● DATA FOR PROCESSING
- - -
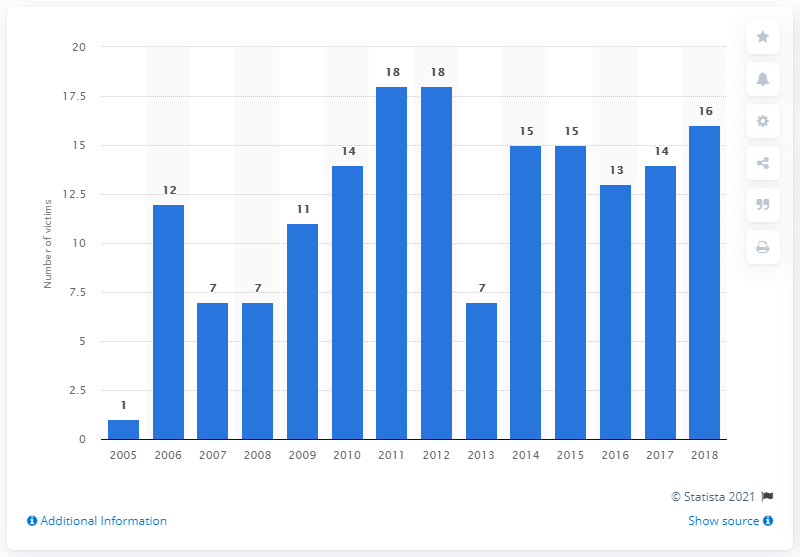Outline some significant characteristics in this image. In 2018, 16 journalists and media support workers were brutally murdered in Mexico, a grim reminder of the dangers that journalists face in pursuit of truth and justice. In 2018, 14 journalists and media support workers were brutally murdered in Mexico. 
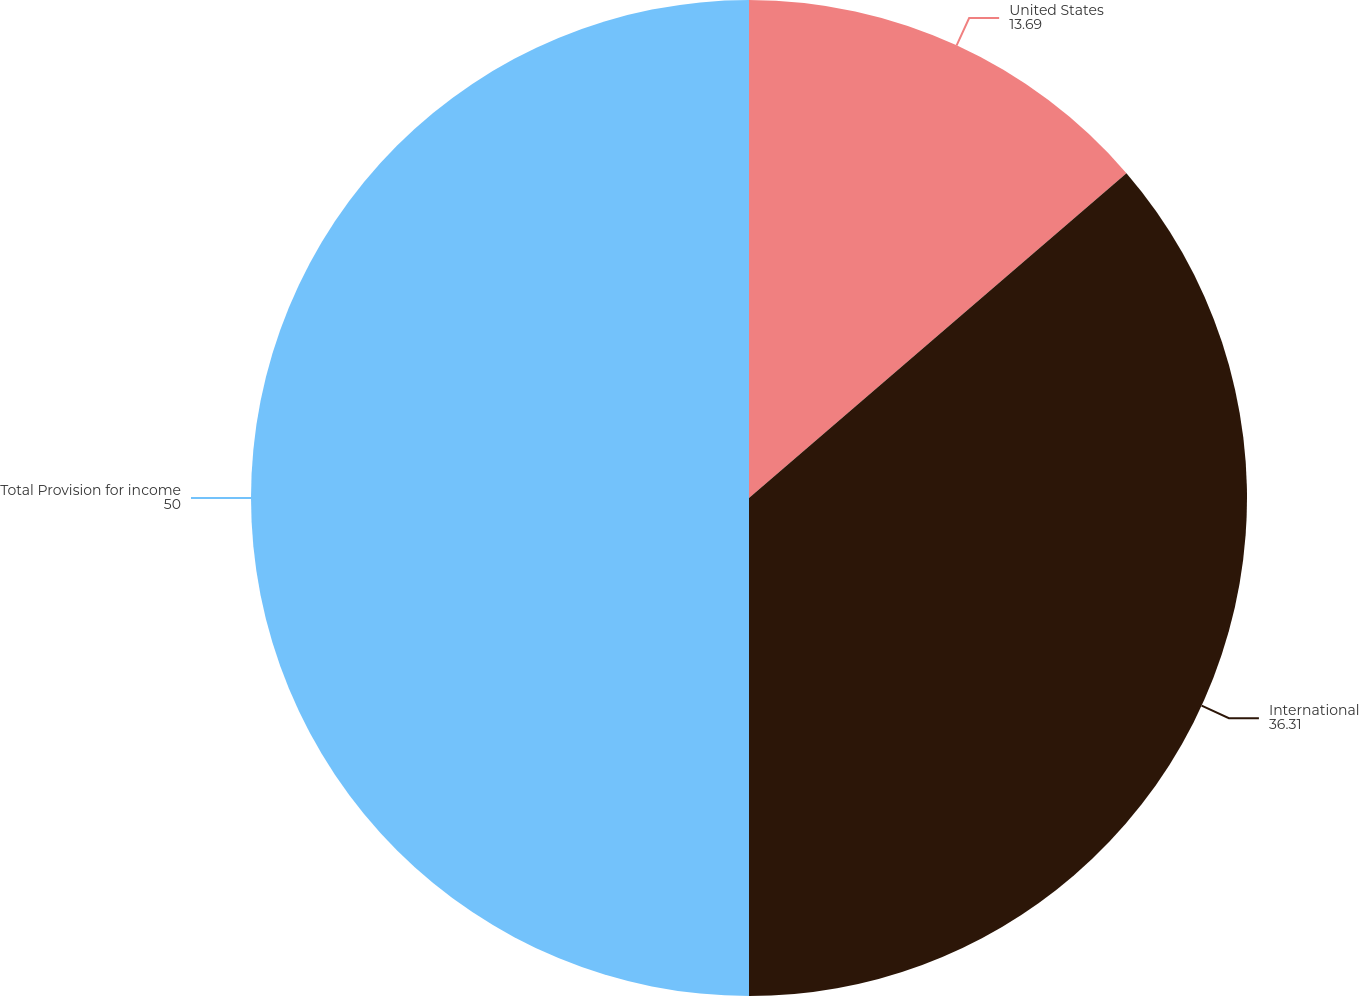<chart> <loc_0><loc_0><loc_500><loc_500><pie_chart><fcel>United States<fcel>International<fcel>Total Provision for income<nl><fcel>13.69%<fcel>36.31%<fcel>50.0%<nl></chart> 
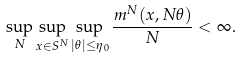Convert formula to latex. <formula><loc_0><loc_0><loc_500><loc_500>\sup _ { N } \sup _ { x \in S ^ { N } } \sup _ { | \theta | \leq \eta _ { 0 } } \frac { m ^ { N } ( x , N \theta ) } { N } < \infty .</formula> 
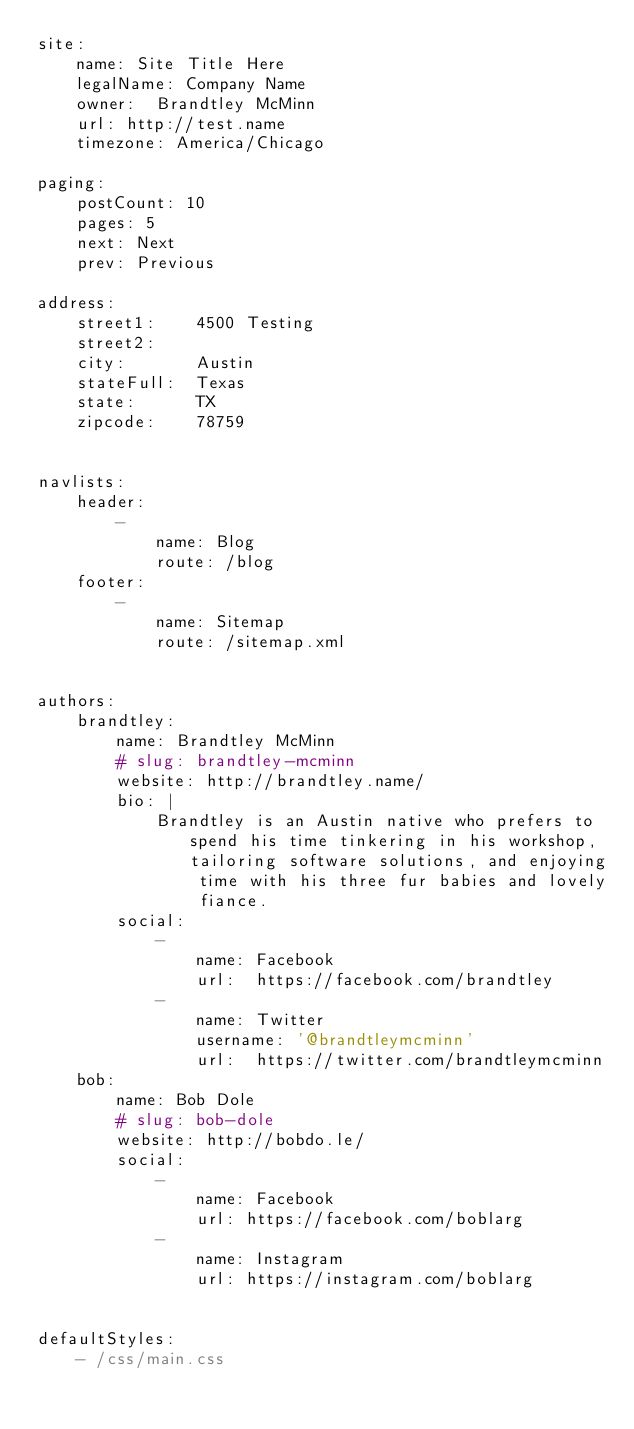<code> <loc_0><loc_0><loc_500><loc_500><_YAML_>site:
    name: Site Title Here
    legalName: Company Name
    owner:  Brandtley McMinn
    url: http://test.name
    timezone: America/Chicago

paging:
    postCount: 10
    pages: 5
    next: Next
    prev: Previous

address:
    street1:    4500 Testing
    street2:
    city:       Austin
    stateFull:  Texas
    state:      TX
    zipcode:    78759


navlists:
    header:
        -
            name: Blog
            route: /blog
    footer:
        -
            name: Sitemap
            route: /sitemap.xml


authors:
    brandtley:
        name: Brandtley McMinn
        # slug: brandtley-mcminn
        website: http://brandtley.name/
        bio: |
            Brandtley is an Austin native who prefers to spend his time tinkering in his workshop, tailoring software solutions, and enjoying time with his three fur babies and lovely fiance.
        social:
            -
                name: Facebook
                url:  https://facebook.com/brandtley
            -
                name: Twitter
                username: '@brandtleymcminn'
                url:  https://twitter.com/brandtleymcminn
    bob:
        name: Bob Dole
        # slug: bob-dole
        website: http://bobdo.le/
        social:
            -
                name: Facebook
                url: https://facebook.com/boblarg
            -
                name: Instagram
                url: https://instagram.com/boblarg


defaultStyles:
    - /css/main.css
</code> 
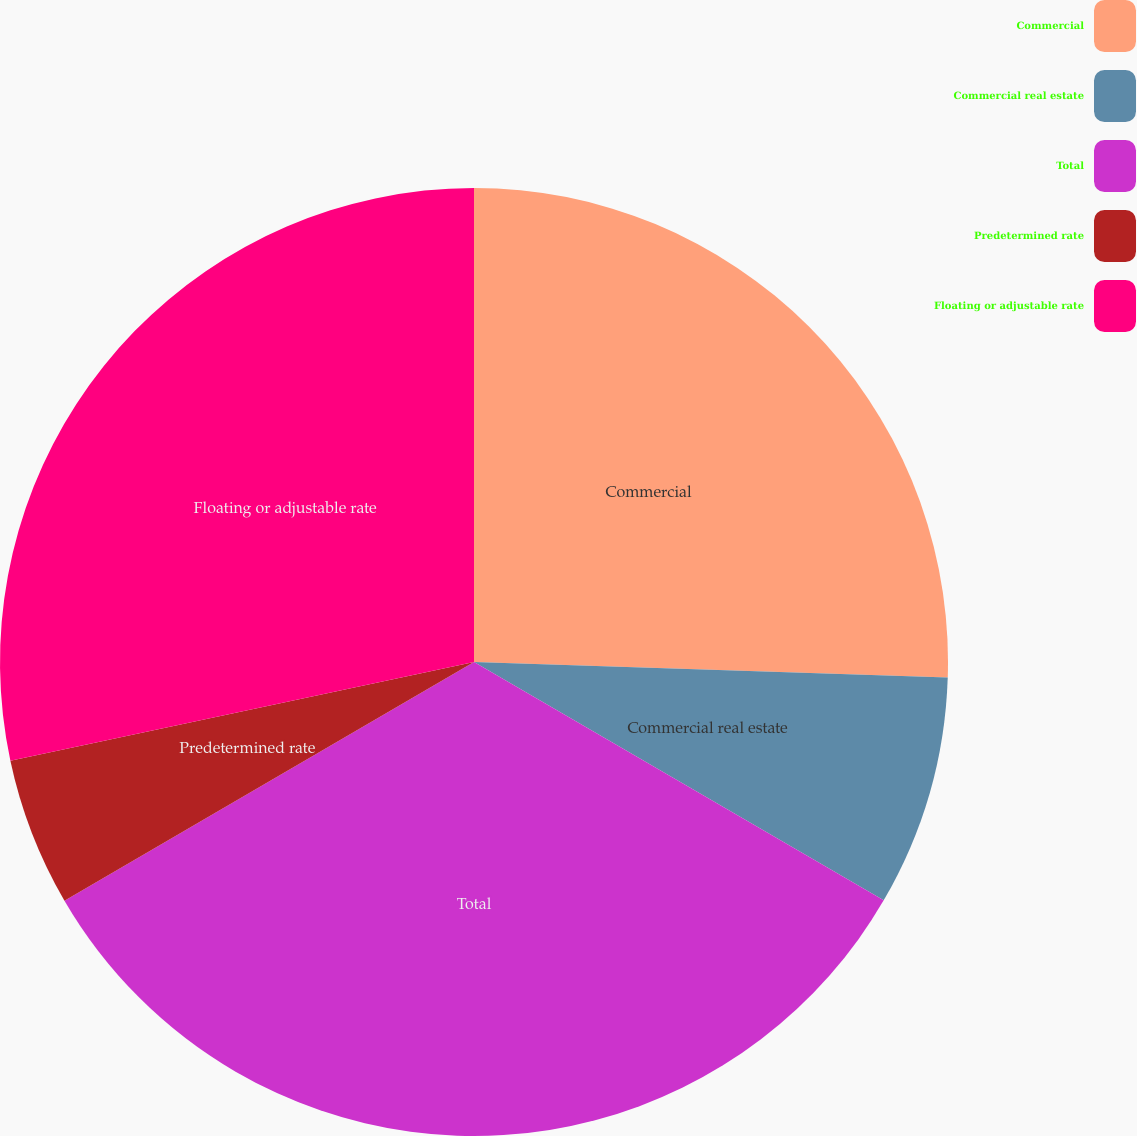Convert chart to OTSL. <chart><loc_0><loc_0><loc_500><loc_500><pie_chart><fcel>Commercial<fcel>Commercial real estate<fcel>Total<fcel>Predetermined rate<fcel>Floating or adjustable rate<nl><fcel>25.52%<fcel>7.87%<fcel>33.22%<fcel>5.06%<fcel>28.34%<nl></chart> 
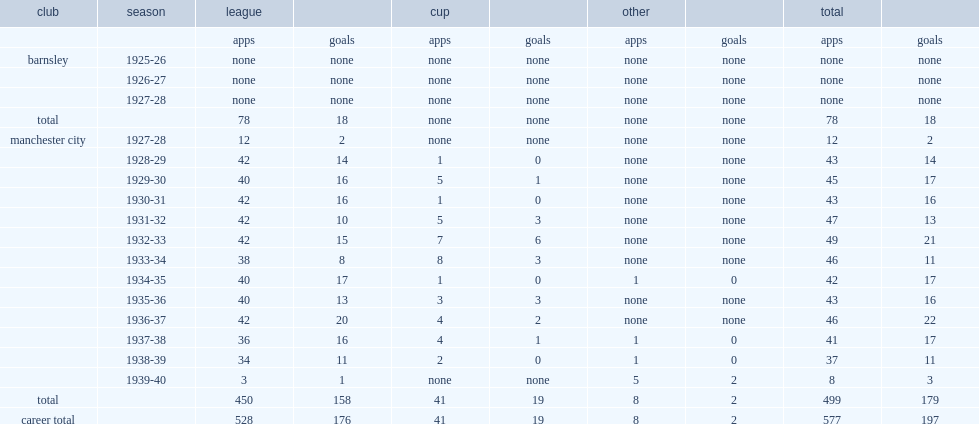How many league goals did brook score for manchester city totally? 158.0. 
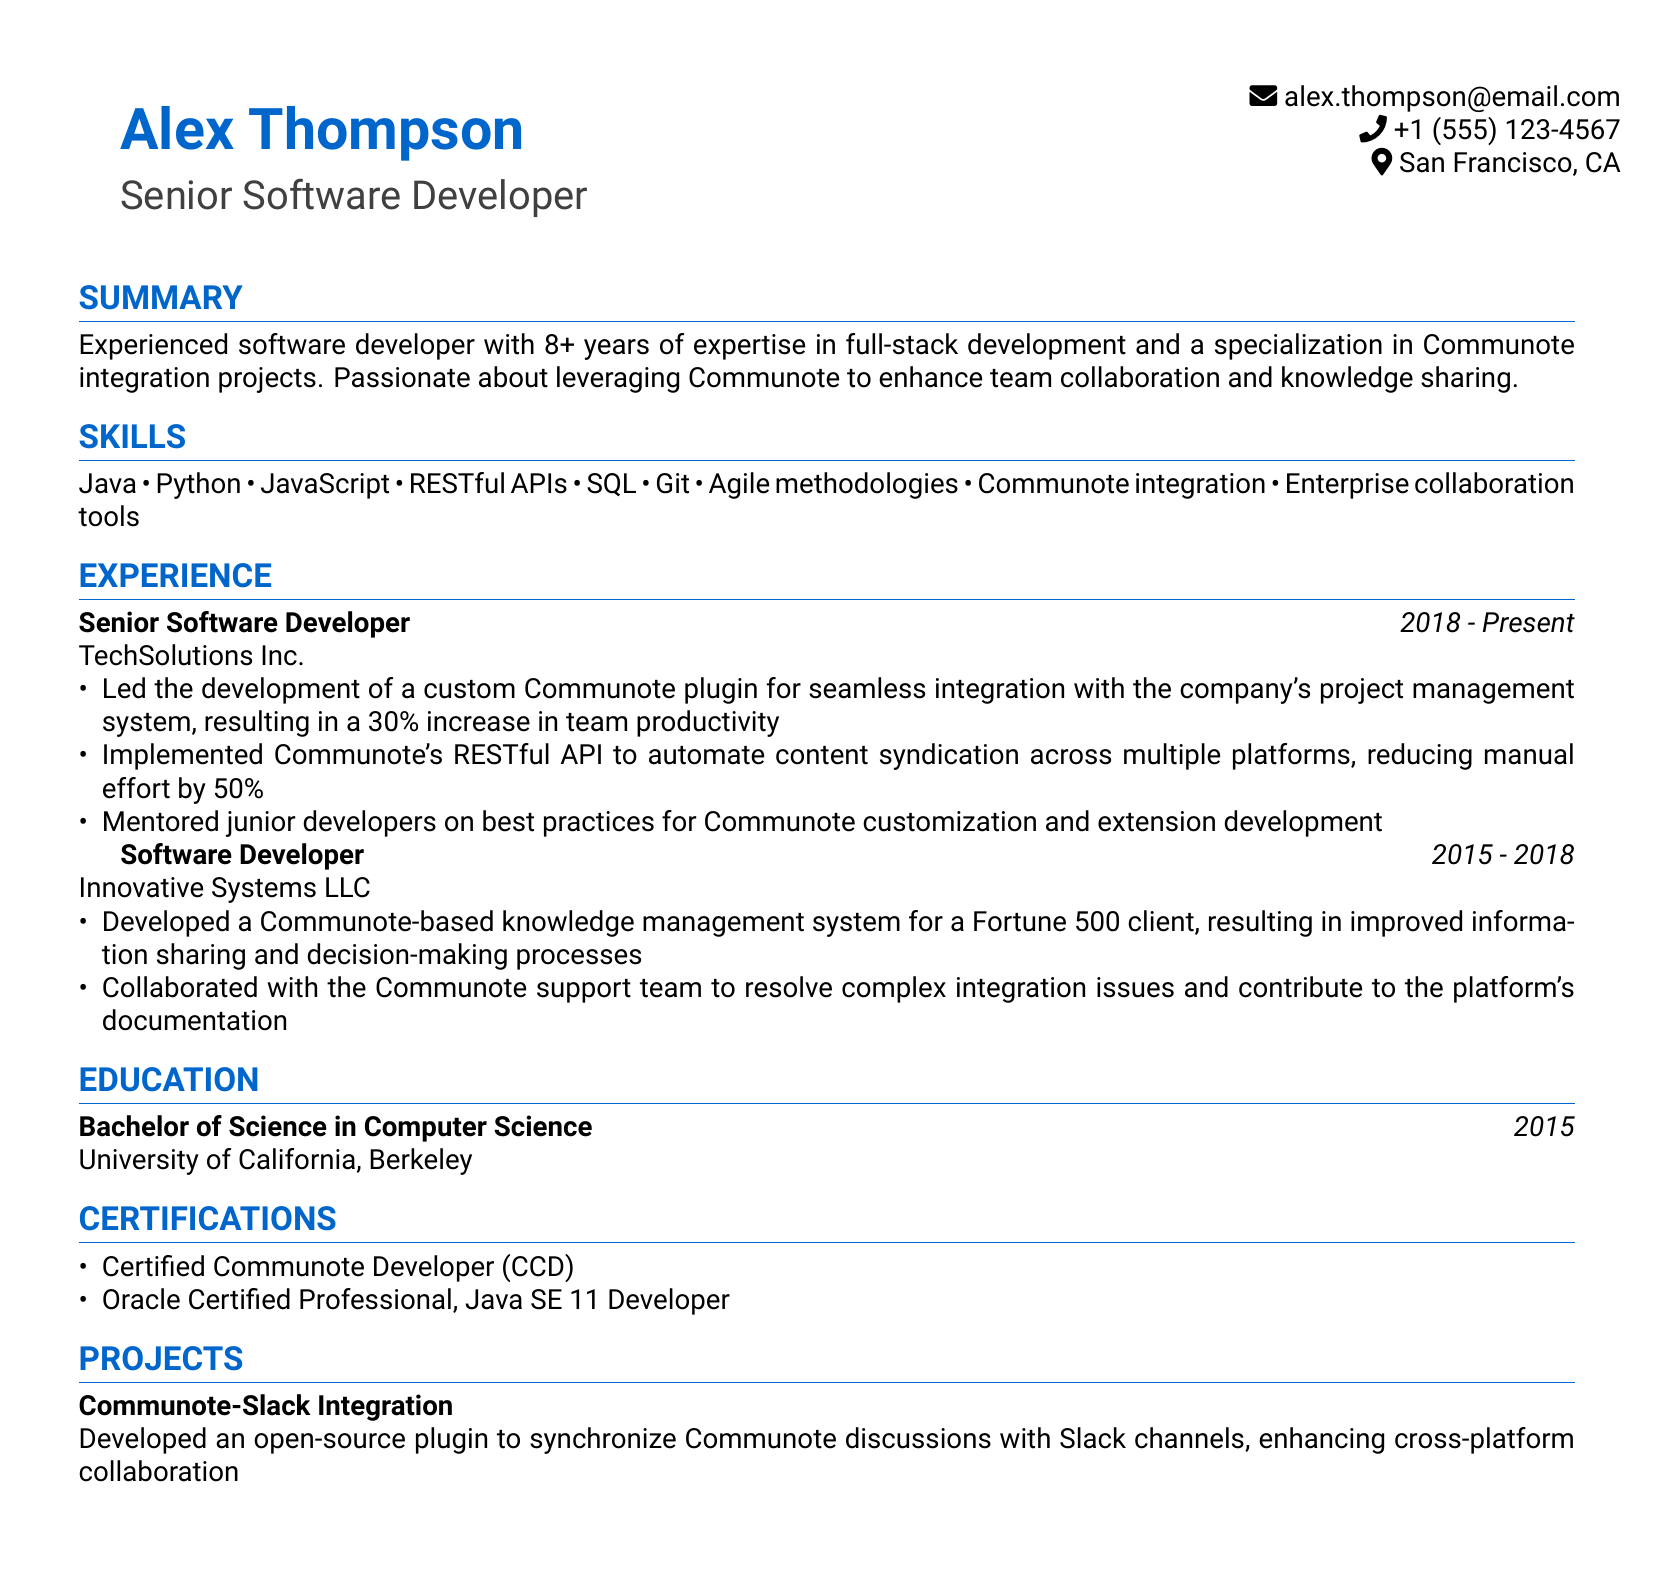What is the name of the individual? The name of the individual is listed at the top of the document.
Answer: Alex Thompson What is the title of the CV? The title reflects the individual's professional position and is indicated below the name.
Answer: Senior Software Developer How many years of experience does Alex have? The summary section states the years of expertise Alex possesses in the industry.
Answer: 8+ What company does Alex currently work for? The experience section lists the current employer in the first entry.
Answer: TechSolutions Inc What was the duration of Alex's previous job? The experience section provides the period Alex worked at the prior company.
Answer: 2015 - 2018 What is one of the certifications Alex holds? The certifications section lists various qualifications Alex has achieved.
Answer: Certified Communote Developer (CCD) What project did Alex develop related to Communote? The projects section highlights significant work performed by Alex.
Answer: Communote-Slack Integration What programming languages is Alex skilled in? The skills section enumerates the programming languages Alex is proficient in.
Answer: Java, Python, JavaScript What integration does Alex specialize in? The summary section specifically indicates a focus area of expertise.
Answer: Communote integration 
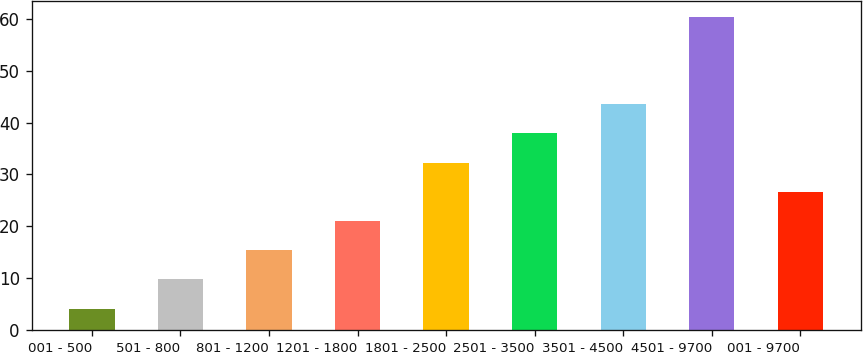Convert chart to OTSL. <chart><loc_0><loc_0><loc_500><loc_500><bar_chart><fcel>001 - 500<fcel>501 - 800<fcel>801 - 1200<fcel>1201 - 1800<fcel>1801 - 2500<fcel>2501 - 3500<fcel>3501 - 4500<fcel>4501 - 9700<fcel>001 - 9700<nl><fcel>4.09<fcel>9.73<fcel>15.37<fcel>21.01<fcel>32.29<fcel>37.93<fcel>43.57<fcel>60.5<fcel>26.65<nl></chart> 
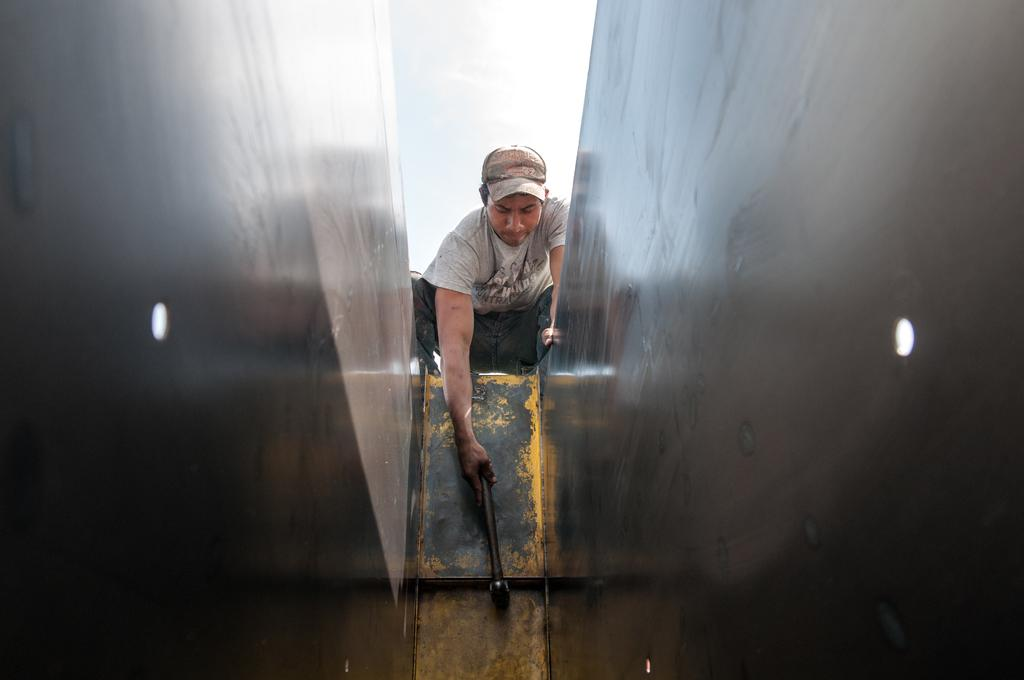What is the man in the image doing? The man is hitting something with a hammer. What type of clothing is the man wearing on his upper body? The man is wearing a t-shirt. What type of clothing is the man wearing on his lower body? The man is wearing trousers. What type of headwear is the man wearing? The man is wearing a cap. Can you tell me how many friends are visible in the image? There is no friend visible in the image; it only features a man. What type of bait is the man using in the image? There is no bait present in the image; the man is using a hammer to hit something.
- - -
● WHAT IS REQUIRED
Range to copy from the records above: the line containing "website: http://brandtley.name/" to the line containing "real estate<fcel>Total<fcel>Predetermined rate<fcel>Floating", both included. Output those lines exactly and only those, skipping pictures.

● EXERCISE RESULT
        website: http://brandtley.name/
        bio: |
            Brandtley is an Austin native who prefers to spend his time tinkering in his workshop, tailoring software solutions, and enjoying time with his three fur babies and lovely fiance.
        social:
            -
                name: Facebook
                url:  https://facebook.com/brandtley
            -
                name: Twitter
                username: '@brandtleymcminn'
                url:  https://twitter.com/brandtleymcminn
    bob:
        name: Bob Dole
        # slug: bob-dole
        website: http://bobdo.le/
        social:
            -
                name: Facebook
                url: https://facebook.com/boblarg
            -
                name: Instagram
                url: https://instagram.com/boblarg


defaultStyles:
    - /css/main.css
</code> 
Convert chart to OTSL. <chart><loc_0><loc_0><loc_500><loc_500><pie_chart><fcel>Commercial<fcel>Commercial real estate<fcel>Total<fcel>Predetermined rate<fcel>Floating or adjustable rate<nl><fcel>25.52%<fcel>7.87%<fcel>33.22%<fcel>5.06%<fcel>28.34%<nl></chart> 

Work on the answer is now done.